Few things compare to starting the day with a good cup of coffee and a fish on the line.

My Lund slipped into the quiet waters of Lake Spooner shortly after 5 a.m. Thursday morning. By 5:25 my coffee was getting cold as yet another punkinseed fought for freedom on the business end of my 4-weight St. Croix flyrod. My plan was to tussle with 25 panfish and return to the Green Acres Motel before my wife woke up.

But few things in life are more fun than catching pannies on a light flyrod. Taking a break for a sip of coffee when the 30th fish slurped in my No. 10 Bimbo Skunk seemed like a reasonable goal.

The fish couldn't resist the Bimbo Skunk with a one-inch Berkley Gulp leech. At the 40-fish mark, an eight-inch bluegill stole the Gulp leech.

The Kwik Trip coffee was probably cold. Might as well catch a few more.

Bluegill No. 51 broke the frazzled 2-pound tippet.

It was time to quit.

That is not an easy task when fishing a bluegill spawning bed with roughly the dimensions of Shopiere. The good news is the bluegill spawn in lakes in Washburn and Burnett counties is just getting started.

In a normal year, bluegills spawn in southern Wisconsin lakes around Memorial Day, scraping out saucer-sized depressions in the shallows up north about two weeks later.

This blessed event locally was pretty much on schedule. But winter held on across the northern tiers of Wisconsin counties a little longer. If you hook up the boat when you finish this column, you can be cleaning fish from a score of lakes before the sun is even close to setting tonight.

Probably a dozen of the 50 fish that attacked that little black-weighted fly were longer than 8 inches. A couple were an honest nine.

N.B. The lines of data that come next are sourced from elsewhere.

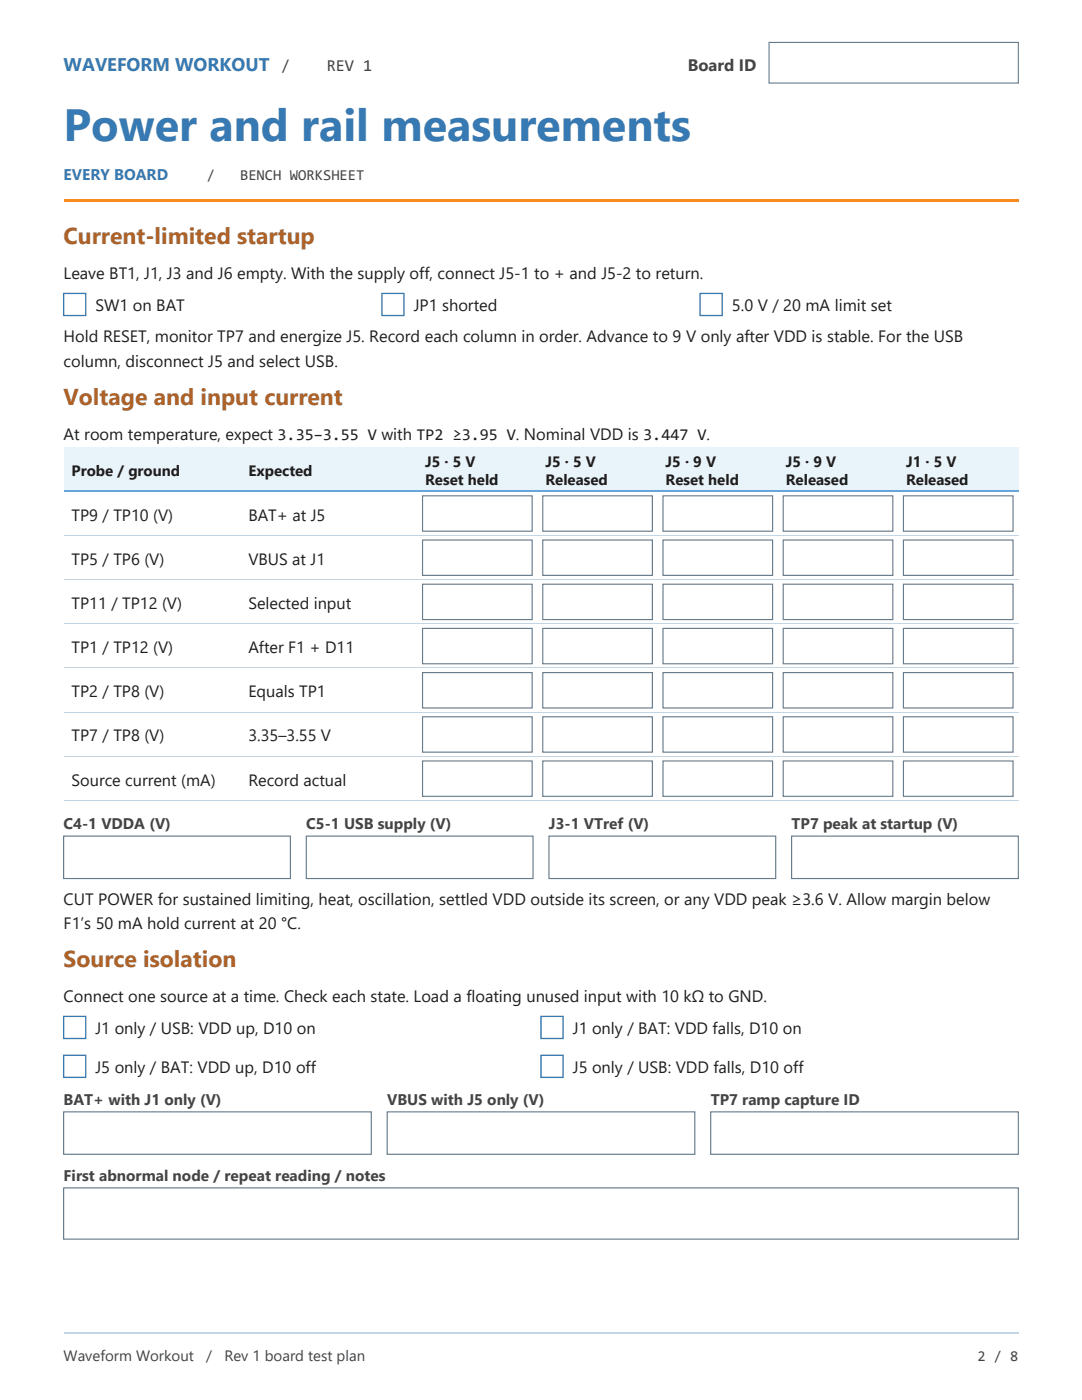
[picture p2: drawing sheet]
<svg xmlns="http://www.w3.org/2000/svg" width="216mm" height="279mm" viewBox="0 0 216 279" stroke-linecap="round" stroke-linejoin="round" font-family="sans-serif">
<defs><g id="words">
<text font-size="9" fill="#3779b2" x="12.7" y="28.2">Power and rail measurements</text>
<g font-size="4.6" fill="#ae6227">
<text x="12.7" y="48.7">Current-limited startup</text>
<text x="12.7" y="80.8">Voltage and input current</text>
<text x="12.7" y="193">Source isolation</text>
</g>
<text font-size="3.7" fill="#3779b2" x="12.7" y="14.1">WAVEFORM WORKOUT /</text>
<g font-size="3.3" fill="#444">
<text x="65.2" y="14.1">REV 1</text>
<text x="137.2" y="14.1">Board ID</text>
</g>
<g font-size="3.3" fill="#1e1e1e">
<text x="12.7" y="55.6">Leave BT1, J1, J3 and J6 empty. With the supply off, connect J5-1 to + and J5-2 to return.</text>
<text x="19" y="62.2">SW1 on BAT</text>
<text x="82.5" y="62.2">JP1 shorted</text>
<text x="146" y="62.2">5.0 V / 20 mA limit set</text>
<text x="12.7" y="68.3">Hold RESET, monitor TP7 and energize J5. Record each column in order. Advance to 9 V only after VDD is stable. For the USB</text>
<text x="12.7" y="73.3">column, disconnect J5 and select USB.</text>
<text x="12.7" y="87.7">At room temperature, expect 3.35–3.55 V with TP2 ≥3.95 V. Nominal VDD is 3.447 V.</text>
<text x="14.3" y="103.9">TP9 / TP10 (V)</text>
<text x="49.6" y="103.9">BAT+ at J5</text>
<text x="14.3" y="112.7">TP5 / TP6 (V)</text>
<text x="49.6" y="112.7">VBUS at J1</text>
<text x="14.3" y="121.5">TP11 / TP12 (V)</text>
<text x="49.6" y="121.5">Selected input</text>
<text x="14.3" y="130.3">TP1 / TP12 (V)</text>
<text x="49.6" y="130.3">After F1 + D11</text>
<text x="14.3" y="139.2">TP2 / TP8 (V)</text>
<text x="49.6" y="139.2">Equals TP1</text>
<text x="14.3" y="148">TP7 / TP8 (V)</text>
<text x="49.6" y="148">3.35–3.55 V</text>
<text x="14.3" y="156.8">Source current (mA)</text>
<text x="49.6" y="156.8">Record actual</text>
<text x="12.7" y="180.5">CUT POWER for sustained limiting, heat, oscillation, settled VDD outside its screen, or any VDD peak ≥3.6 V. Allow margin below</text>
<text x="12.7" y="185.5">F1’s 50 mA hold current at 20 °C.</text>
<text x="12.7" y="199.9">Connect one source at a time. Check each state. Load a floating unused input with 10 kΩ to GND.</text>
<text x="19" y="206.4">J1 only / USB: VDD up, D10 on</text>
<text x="114.3" y="206.4">J1 only / BAT: VDD falls, D10 on</text>
<text x="19" y="214.2">J5 only / BAT: VDD up, D10 off</text>
<text x="114.3" y="214.2">J5 only / USB: VDD falls, D10 off</text>
</g>
<text font-size="3.1" fill="#3779b2" x="12.7" y="36">EVERY BOARD</text>
<g font-size="3.1" fill="#444">
<text x="12.7" y="165.5">C4-1 VDDA (V)</text>
<text x="61.1" y="165.5">C5-1 USB supply (V)</text>
<text x="109.5" y="165.5">J3-1 VTref (V)</text>
<text x="158" y="165.5">TP7 peak at startup (V)</text>
<text x="12.7" y="220.5">BAT+ with J1 only (V)</text>
<text x="77.3" y="220.5">VBUS with J5 only (V)</text>
<text x="141.8" y="220.5">TP7 ramp capture ID</text>
<text x="12.7" y="235.7">First abnormal node / repeat reading / notes</text>
</g>
<g font-size="3" fill="#444">
<text x="41.3" y="36">/</text>
<text x="47.9" y="36">BENCH WORKSHEET</text>
<text x="12.7" y="271.6">Waveform Workout</text>
<text x="41.2" y="271.6">/</text>
<text x="44.8" y="271.6">Rev 1 board test plan</text>
<text x="195.1" y="271.6">2 / 8</text>
</g>
<g font-size="3" fill="#1e1e1e">
<text x="14.3" y="94.9">Probe / ground</text>
<text x="49.6" y="94.9">Expected</text>
<text x="84.8" y="93.2">J5 · 5 V</text>
<text x="108.8" y="93.2">J5 · 5 V</text>
<text x="132.8" y="93.2">J5 · 9 V</text>
<text x="156.8" y="93.2">J5 · 9 V</text>
<text x="180.8" y="93.2">J1 · 5 V</text>
<text x="84.8" y="96.7">Reset held</text>
<text x="108.8" y="96.7">Released</text>
<text x="132.8" y="96.7">Reset held</text>
<text x="156.8" y="96.7">Released</text>
<text x="180.8" y="96.7">Released</text>
</g>
</g></defs>
<path d="M153.5 8.5h49.7v8.1h-49.7z" fill-rule="evenodd" fill="#fff" stroke="#687b8a" stroke-width=".23"/>
<path d="M12.7 39.9h190.5v.4h-190.5z" fill-rule="evenodd" fill="#f68b1e"/>
<g fill="#fff" stroke="#3779b2" stroke-width=".26">
<path d="M12.7 58.6h4.4v4.4h-4.4z" fill-rule="evenodd"/>
<path d="M76.2 58.6h4.4v4.4h-4.4z" fill-rule="evenodd"/>
<path d="M139.7 58.6h4.4v4.4h-4.4z" fill-rule="evenodd"/>
</g>
<path d="M12.7 89.3h190.5v8.8h-190.5z" fill-rule="evenodd" fill="#e8f3fa"/>
<path d="M12.7 97.9h190.5" fill="none" stroke="#66a5d9" stroke-width=".25"/>
<g fill="#fff" stroke="#687b8a" stroke-width=".23">
<path d="M84.3 99h21.9v7h-21.9z" fill-rule="evenodd"/>
<path d="M108.3 99h21.9v7h-21.9z" fill-rule="evenodd"/>
<path d="M132.3 99h21.9v7h-21.9z" fill-rule="evenodd"/>
<path d="M156.3 99h21.9v7h-21.9z" fill-rule="evenodd"/>
<path d="M180.3 99h21.8v7h-21.8z" fill-rule="evenodd"/>
</g>
<path d="M12.7 106.8h190.5" fill="none" stroke="#c3d4e2" stroke-width=".2"/>
<g fill="#fff" stroke="#687b8a" stroke-width=".23">
<path d="M84.3 107.8h21.9v7h-21.9z" fill-rule="evenodd"/>
<path d="M108.3 107.8h21.9v7h-21.9z" fill-rule="evenodd"/>
<path d="M132.3 107.8h21.9v7h-21.9z" fill-rule="evenodd"/>
<path d="M156.3 107.8h21.9v7h-21.9z" fill-rule="evenodd"/>
<path d="M180.3 107.8h21.8v7h-21.8z" fill-rule="evenodd"/>
</g>
<path d="M12.7 115.7h190.5" fill="none" stroke="#c3d4e2" stroke-width=".2"/>
<g fill="#fff" stroke="#687b8a" stroke-width=".23">
<path d="M84.3 116.6h21.9v7h-21.9z" fill-rule="evenodd"/>
<path d="M108.3 116.6h21.9v7h-21.9z" fill-rule="evenodd"/>
<path d="M132.3 116.6h21.9v7h-21.9z" fill-rule="evenodd"/>
<path d="M156.3 116.6h21.9v7h-21.9z" fill-rule="evenodd"/>
<path d="M180.3 116.6h21.8v7h-21.8z" fill-rule="evenodd"/>
</g>
<path d="M12.7 124.5h190.5" fill="none" stroke="#c3d4e2" stroke-width=".2"/>
<g fill="#fff" stroke="#687b8a" stroke-width=".23">
<path d="M84.3 125.4h21.9v7.1h-21.9z" fill-rule="evenodd"/>
<path d="M108.3 125.4h21.9v7.1h-21.9z" fill-rule="evenodd"/>
<path d="M132.3 125.4h21.9v7.1h-21.9z" fill-rule="evenodd"/>
<path d="M156.3 125.4h21.9v7.1h-21.9z" fill-rule="evenodd"/>
<path d="M180.3 125.4h21.8v7.1h-21.8z" fill-rule="evenodd"/>
</g>
<path d="M12.7 133.3h190.5" fill="none" stroke="#c3d4e2" stroke-width=".2"/>
<g fill="#fff" stroke="#687b8a" stroke-width=".23">
<path d="M84.3 134.2h21.9v7.1h-21.9z" fill-rule="evenodd"/>
<path d="M108.3 134.2h21.9v7.1h-21.9z" fill-rule="evenodd"/>
<path d="M132.3 134.2h21.9v7.1h-21.9z" fill-rule="evenodd"/>
<path d="M156.3 134.2h21.9v7.1h-21.9z" fill-rule="evenodd"/>
<path d="M180.3 134.2h21.8v7.1h-21.8z" fill-rule="evenodd"/>
</g>
<path d="M12.7 142.1h190.5" fill="none" stroke="#c3d4e2" stroke-width=".2"/>
<g fill="#fff" stroke="#687b8a" stroke-width=".23">
<path d="M84.3 143.1h21.9v7h-21.9z" fill-rule="evenodd"/>
<path d="M108.3 143.1h21.9v7h-21.9z" fill-rule="evenodd"/>
<path d="M132.3 143.1h21.9v7h-21.9z" fill-rule="evenodd"/>
<path d="M156.3 143.1h21.9v7h-21.9z" fill-rule="evenodd"/>
<path d="M180.3 143.1h21.8v7h-21.8z" fill-rule="evenodd"/>
</g>
<path d="M12.7 150.9h190.5" fill="none" stroke="#c3d4e2" stroke-width=".2"/>
<g fill="#fff" stroke="#687b8a" stroke-width=".23">
<path d="M84.3 151.9h21.9v7h-21.9z" fill-rule="evenodd"/>
<path d="M108.3 151.9h21.9v7h-21.9z" fill-rule="evenodd"/>
<path d="M132.3 151.9h21.9v7h-21.9z" fill-rule="evenodd"/>
<path d="M156.3 151.9h21.9v7h-21.9z" fill-rule="evenodd"/>
<path d="M180.3 151.9h21.8v7h-21.8z" fill-rule="evenodd"/>
</g>
<path d="M12.7 159.8h190.5" fill="none" stroke="#c3d4e2" stroke-width=".2"/>
<g fill="#fff" stroke="#687b8a" stroke-width=".23">
<path d="M12.7 166.9h45.2v8.4h-45.2z" fill-rule="evenodd"/>
<path d="M61.1 166.9h45.3v8.4h-45.3z" fill-rule="evenodd"/>
<path d="M109.5 166.9h45.3v8.4h-45.3z" fill-rule="evenodd"/>
<path d="M158 166.9h45.2v8.4h-45.2z" fill-rule="evenodd"/>
<path d="M12.7 221.9h61.4v8.5h-61.4z" fill-rule="evenodd"/>
<path d="M77.3 221.9h61.3v8.5h-61.3z" fill-rule="evenodd"/>
<path d="M141.8 221.9h61.4v8.5h-61.4z" fill-rule="evenodd"/>
<path d="M12.7 237.1h190.5v10.2h-190.5z" fill-rule="evenodd"/>
</g>
<g fill="#fff" stroke="#3779b2" stroke-width=".26">
<path d="M12.7 202.8h4.4v4.5h-4.4z" fill-rule="evenodd"/>
<path d="M107.9 202.8h4.5v4.5h-4.5z" fill-rule="evenodd"/>
<path d="M12.7 210.6h4.4v4.4h-4.4z" fill-rule="evenodd"/>
<path d="M107.9 210.6h4.5v4.4h-4.5z" fill-rule="evenodd"/>
</g>
<path d="M12.7 266.1h190.5" fill="none" stroke="#c3d4e2" stroke-width=".23"/>
<use href="#words"/>
</svg>

But following the philosophy of catch-and-release frees an addicted angler from the constraints of the statewide 25-fish bag limit.

My wife wasn't too upset when I came waltzing back to the motel shortly after 8 a.m. She jumped at the chance for breakfast at the Dinner Bell café just up the road in Trego, which is a gateway to at least another dozen outstanding panfish lakes.

Candy was able to stop at about 15 fish on a small lake northeast of town later that morning. Four out of every five fish from this water exceeded the 8-inch “keeper” benchmark.

She was using an ultralight spinning rod with the Skunk about 18 inches beneath a small pencil float.

Catching and releasing another 50 panfish before lunch seemed like a great way to spend the morning. This time around the line broke at just 39.

The second cup of coffee was still warm.

The Spooner area is more of a family destination than an angling mecca. There are plenty of pike, largemouth bass and panfish, but limited opportunities to catch either muskies or walleyes.

A trip to Spooner was an annual family event when our kids were young. There is no doubt the bountiful and willing panfish that swim here contributed to the love of nature both our daughters continue to relish as adults.

There are two major components to getting a kid hooked on fishing. The first is perpetual reinforcement that catching fish is fun. Panfish are willing to oblige.

The second is announcing the fishing trip is done when the kids are still catching fish and having fun.

My father played me like a big bluegill on very light line. Some folks like to fish. Others love to fish. A few live to fish.

These persons are blissfully ignorant of smartphones.

A basic flip-phone enables a person to make and receive calls.

But it takes longer to catch 50 panfish before breakfast if you don't leave the darn thing in the truck where it belongs.